## EXERCISE AIM
Each line from the one that holds "hfov=22.8deg. An AR" to the end of the records is to be retyped exactly. Pictures are not part of the copy.

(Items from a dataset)
#####

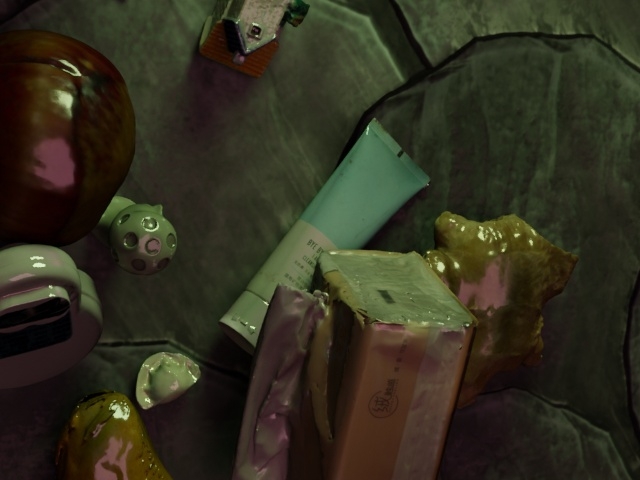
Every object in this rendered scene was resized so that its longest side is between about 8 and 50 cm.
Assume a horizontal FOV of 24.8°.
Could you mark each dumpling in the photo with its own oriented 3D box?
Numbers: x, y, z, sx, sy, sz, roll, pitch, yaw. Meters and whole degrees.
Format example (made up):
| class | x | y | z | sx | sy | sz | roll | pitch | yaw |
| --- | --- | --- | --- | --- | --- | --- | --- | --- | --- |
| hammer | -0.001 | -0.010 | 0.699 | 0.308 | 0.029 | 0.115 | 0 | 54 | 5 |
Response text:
| class | x | y | z | sx | sy | sz | roll | pitch | yaw |
| --- | --- | --- | --- | --- | --- | --- | --- | --- | --- |
| dumpling | -0.182 | 0.160 | 1.700 | 0.077 | 0.043 | 0.059 | -32 | 92 | 3 |

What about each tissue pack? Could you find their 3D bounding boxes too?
| class | x | y | z | sx | sy | sz | roll | pitch | yaw |
| --- | --- | --- | --- | --- | --- | --- | --- | --- | --- |
| tissue pack | 0.019 | 0.181 | 1.655 | 0.238 | 0.238 | 0.305 | 4 | 112 | -21 |

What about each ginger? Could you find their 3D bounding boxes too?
| class | x | y | z | sx | sy | sz | roll | pitch | yaw |
| --- | --- | --- | --- | --- | --- | --- | --- | --- | --- |
| ginger | 0.191 | 0.095 | 1.783 | 0.219 | 0.123 | 0.270 | 26 | 83 | -26 |

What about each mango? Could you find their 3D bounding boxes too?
| class | x | y | z | sx | sy | sz | roll | pitch | yaw |
| --- | --- | --- | --- | --- | --- | --- | --- | --- | --- |
| mango | -0.225 | 0.288 | 1.643 | 0.156 | 0.151 | 0.249 | -3 | 105 | 14 |

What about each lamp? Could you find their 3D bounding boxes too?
| class | x | y | z | sx | sy | sz | roll | pitch | yaw |
| --- | --- | --- | --- | --- | --- | --- | --- | --- | --- |
| lamp | -0.323 | 0.071 | 1.553 | 0.179 | 0.246 | 0.108 | -18 | 66 | -20 |

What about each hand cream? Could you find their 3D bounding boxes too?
| class | x | y | z | sx | sy | sz | roll | pitch | yaw |
| --- | --- | --- | --- | --- | --- | --- | --- | --- | --- |
| hand cream | 0.000 | 0.000 | 1.743 | 0.111 | 0.070 | 0.312 | 47 | 73 | -19 |

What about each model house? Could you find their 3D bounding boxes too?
| class | x | y | z | sx | sy | sz | roll | pitch | yaw |
| --- | --- | --- | --- | --- | --- | --- | --- | --- | --- |
| model house | -0.074 | -0.238 | 1.646 | 0.088 | 0.100 | 0.100 | 24 | 91 | -24 |

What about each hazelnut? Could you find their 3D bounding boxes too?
| class | x | y | z | sx | sy | sz | roll | pitch | yaw |
| --- | --- | --- | --- | --- | --- | --- | --- | --- | --- |
| hazelnut | -0.304 | -0.112 | 1.533 | 0.229 | 0.229 | 0.229 | -3 | 99 | -20 |

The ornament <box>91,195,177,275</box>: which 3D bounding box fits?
| class | x | y | z | sx | sy | sz | roll | pitch | yaw |
| --- | --- | --- | --- | --- | --- | --- | --- | --- | --- |
| ornament | -0.204 | -0.009 | 1.602 | 0.075 | 0.156 | 0.081 | 39 | 84 | -22 |
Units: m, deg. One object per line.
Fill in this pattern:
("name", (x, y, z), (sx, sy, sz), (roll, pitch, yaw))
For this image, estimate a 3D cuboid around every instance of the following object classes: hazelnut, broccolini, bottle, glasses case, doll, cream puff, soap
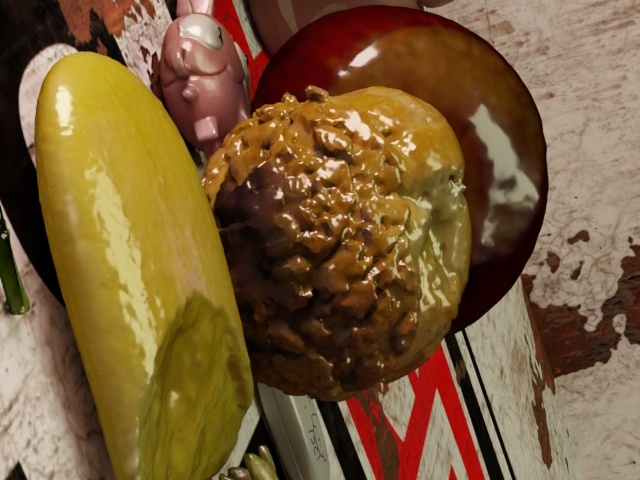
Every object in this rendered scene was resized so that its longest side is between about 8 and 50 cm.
("hazelnut", (0.100, -0.086, 1.984), (0.402, 0.402, 0.429), (-10, 81, -74))
("broccolini", (-0.273, -0.054, 1.281), (0.054, 0.051, 0.239), (-79, 153, -76))
("bottle", (0.049, -0.373, 2.215), (0.206, 0.297, 0.173), (49, 31, -62))
("glasses case", (-0.032, 0.209, 1.852), (0.076, 0.049, 0.197), (-47, 121, -72))
("doll", (-0.126, -0.177, 1.805), (0.262, 0.093, 0.211), (44, 36, -69))
("cream puff", (0.000, 0.000, 1.662), (0.327, 0.343, 0.231), (46, 24, 28))
("soap", (-0.158, 0.030, 1.466), (0.306, 0.115, 0.427), (-20, 94, -71))

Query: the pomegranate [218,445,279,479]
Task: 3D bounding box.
("pomegranate", (-0.006, 0.351, 1.573), (0.302, 0.236, 0.236), (44, 15, 5))
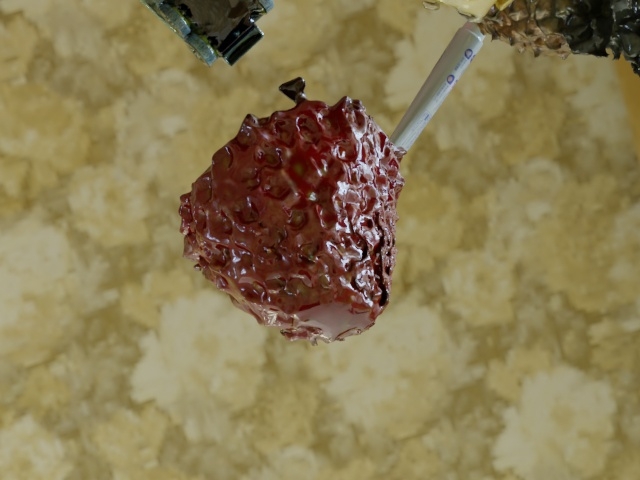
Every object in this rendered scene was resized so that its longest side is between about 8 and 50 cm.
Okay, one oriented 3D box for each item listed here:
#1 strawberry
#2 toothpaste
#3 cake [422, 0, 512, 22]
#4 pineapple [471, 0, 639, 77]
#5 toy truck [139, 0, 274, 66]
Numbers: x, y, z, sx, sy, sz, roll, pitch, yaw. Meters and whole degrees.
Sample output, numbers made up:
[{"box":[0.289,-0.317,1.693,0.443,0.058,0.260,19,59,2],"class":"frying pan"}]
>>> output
[{"box":[0.000,0.000,1.305,0.234,0.234,0.178,-18,-133,-12],"class":"strawberry"},{"box":[0.120,-0.156,1.656,0.033,0.218,0.052,33,179,24],"class":"toothpaste"},{"box":[0.114,-0.306,1.053,0.286,0.227,0.222,18,148,-16],"class":"cake"},{"box":[0.223,-0.177,1.154,0.128,0.128,0.248,-23,-139,-33],"class":"pineapple"},{"box":[-0.131,-0.240,1.299,0.085,0.191,0.116,-45,-154,-6],"class":"toy truck"}]
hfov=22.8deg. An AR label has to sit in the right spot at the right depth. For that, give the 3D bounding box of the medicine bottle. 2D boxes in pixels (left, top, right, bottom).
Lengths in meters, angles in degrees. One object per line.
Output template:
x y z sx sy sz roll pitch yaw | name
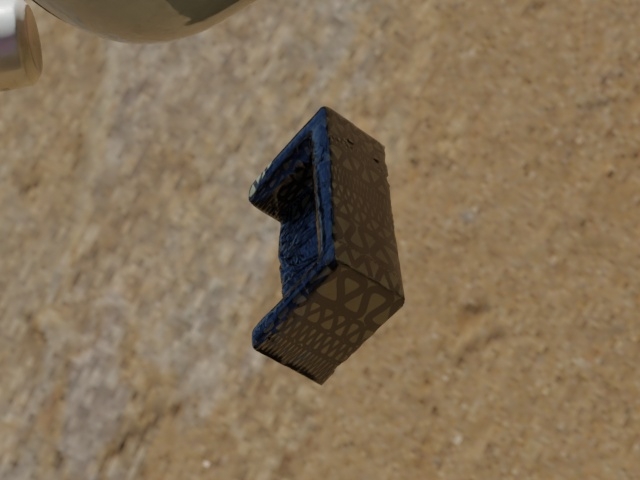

#####

## RESULT OF THIS EXERCISE
hfov=22.8deg. An AR label has to sit in the right spot at the right depth. For that, give the 3D bounding box of the medicine bottle. 2D boxes in pixels (left, top, right, bottom).
Lengths in meters, angles in degrees. One object per line.
Output template:
x y z sx sy sz roll pitch yaw | name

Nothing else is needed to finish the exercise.